La mesure des émotions
Selon Derbaix et Pham (1989), la mesure des émotions est extrêmement délicate et ne permet
pas actuellement de mesurer les quatre composantes d’une émotion (leur intensité, leur
direction, leur contenu et la conscience que l’individu en a. Il serait nécessaire, selon ces
auteurs, de combiner trois techniques classiques de mesure, utilisées souvent séparément
jusqu’à présent : des mesures de la composante neurophysiologique et biologique, des
mesures de la composante expressive et des mesures de la composante expérientielle.3
En marketing, pour appréhender les états affectifs, les auteurs utilisent presque toujours des
mesures de l’expérience subjective. En se fondant sur les travaux en psychologie, on peut
ainsi distinguer plusieurs catégories de mesures, selon la perception que les psychologues ont
de la structure d’une émotion : certaines mesures considèrent les états affectifs comme des
catégories, d’autres comme un construit multidimensionnel. En effet, en ce qui concerne la
structure des émotions, deux grands groupes de théories s’opposent. La première approche, la
théorie des émotions discrètes ou catégorielles (Izard, 1977 ; Plutchik, 1980), considère que le
nombre des émotions primaires varie, selon les auteurs, de sept à quinze. L’approche
dimensionnelle (notamment Wundt, 1874) affirme, au contraire, que toutes les émotions
peuvent être décrites à partir de plusieurs dimensions. On peut, en conséquence, distinguer
deux grandes catégories d’instruments de mesure, selon le groupe théorique de référence (cf
tableau 1).
Dans le contexte du comportement du consommateur, Havlena et Holbrook (1986) ont montré
que la structure de Mehrabian et Russel est plus porteuse que le schéma de Plutchick pour
positionner les expériences de consommation dans un espace d’émotions et pour développer
des profils émotionnels spécifiques à une expérience. D’autres travaux se prononcent en
faveur d’une utilisation du schéma de Mehrabian et Russel (Graillot, 1994). D’une part, la
classification de Plutchick est incapable de représenter la dimension activation. D’autre part,
elle nécessite la collecte de données pour huit émotions discrètes.

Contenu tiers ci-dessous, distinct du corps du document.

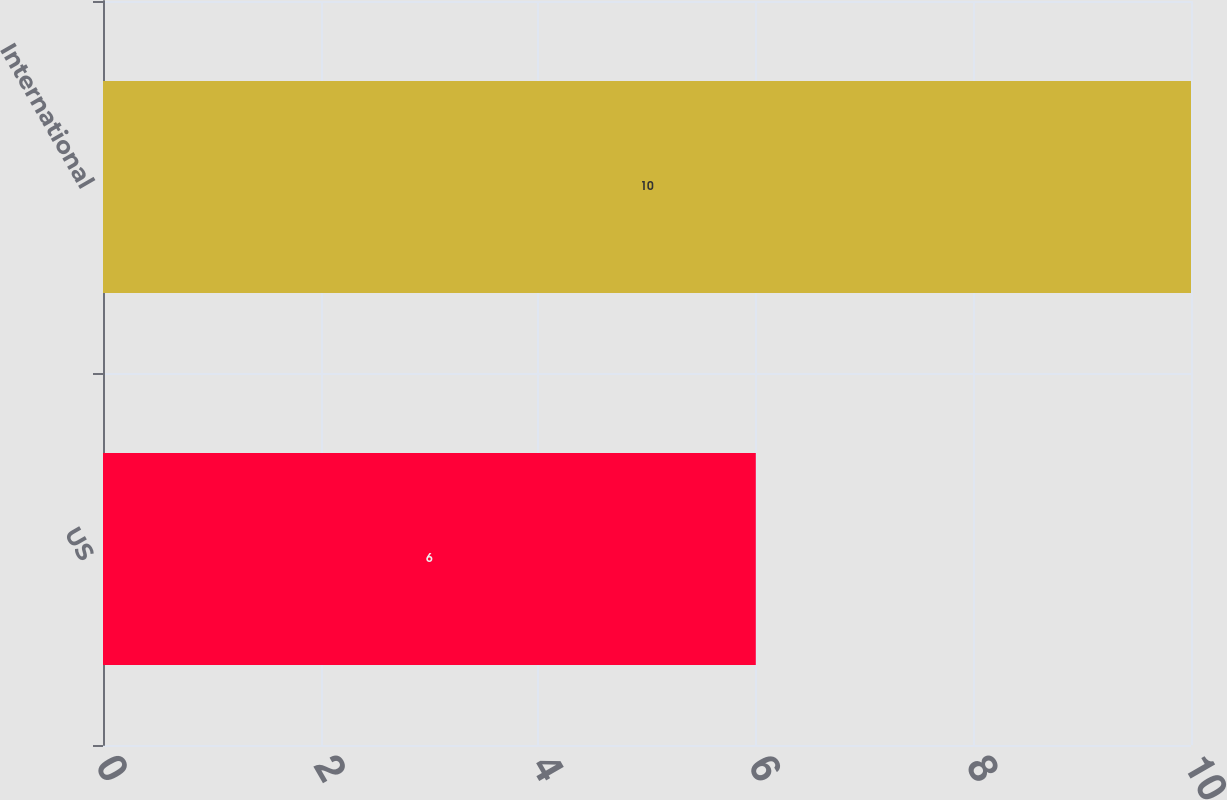Convert chart to OTSL. <chart><loc_0><loc_0><loc_500><loc_500><bar_chart><fcel>US<fcel>International<nl><fcel>6<fcel>10<nl></chart> 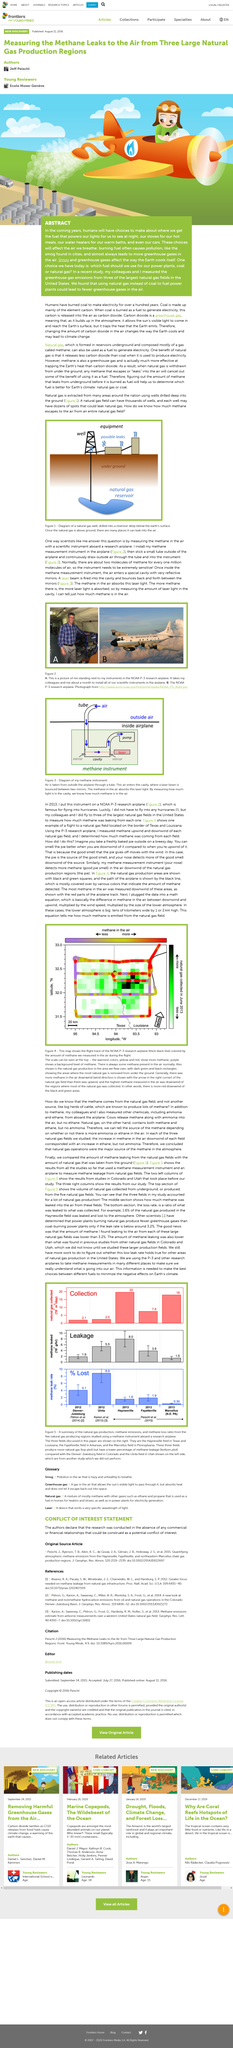Indicate a few pertinent items in this graphic. The use of natural gas instead of coal in power plants would result in fewer greenhouse gases in the air. The way in which the Earth cools itself is influenced by both smog and greenhouse gases. In the coming years, our fuel choices will have a significant impact on the air we breathe. These choices will ultimately determine the health of our planet and the well-being of future generations.

La mesure d’Izard (1977) appartenant, elle aussi, au courant des théories des émotions
discrètes ou catégorielles, a été régulièrement remise en cause. Cette échelle n’aurait pas
d’élément d’activation pur (Westbrook, 1987; Westbrook et Oliver, 1991; Oliver, 1993a et b)
et sur-estimerait les émotions négatives (Oliver, 1994). De plus, dans bien des cas, il nous est
impossible de décrire précisément ce que nous avons ressenti au plus profond de nous et
encore moins de lui donner un nom. L’individu ne risque-t-il pas d’hésiter entre deux
réactions très proches, telles que la joie et le bonheur ? Par ailleurs, la pertinence de
l’existence d’émotions primaires a été remise en cause par certains psychologues (Ortony et
Turner, 1990).
En matière de satisfaction, si l’échelle d’Izard (1977) a souvent été reprise, Oliver (1994)
conseille d’utiliser une autre mesure. Selon, Wirtz et Bateson (1992), les deux dimensions du
PAD offrent un moyen efficace de remplacer ce qui est communément appliqué par les
chercheurs en satisfaction, c’est-à-dire les dimensions imprécises d’affect positif et d’affect
négatif. De nombreuses recherches ont ainsi démontré la pertinence de tels modèles
3 Pour une synthèse de ces différents instruments de mesures, voir les articles de Graillot (1998) et de Derbaix et
Poncin (1998) ; ces deux auteurs analysent les avantages et inconvénients des principales modalités de mesure.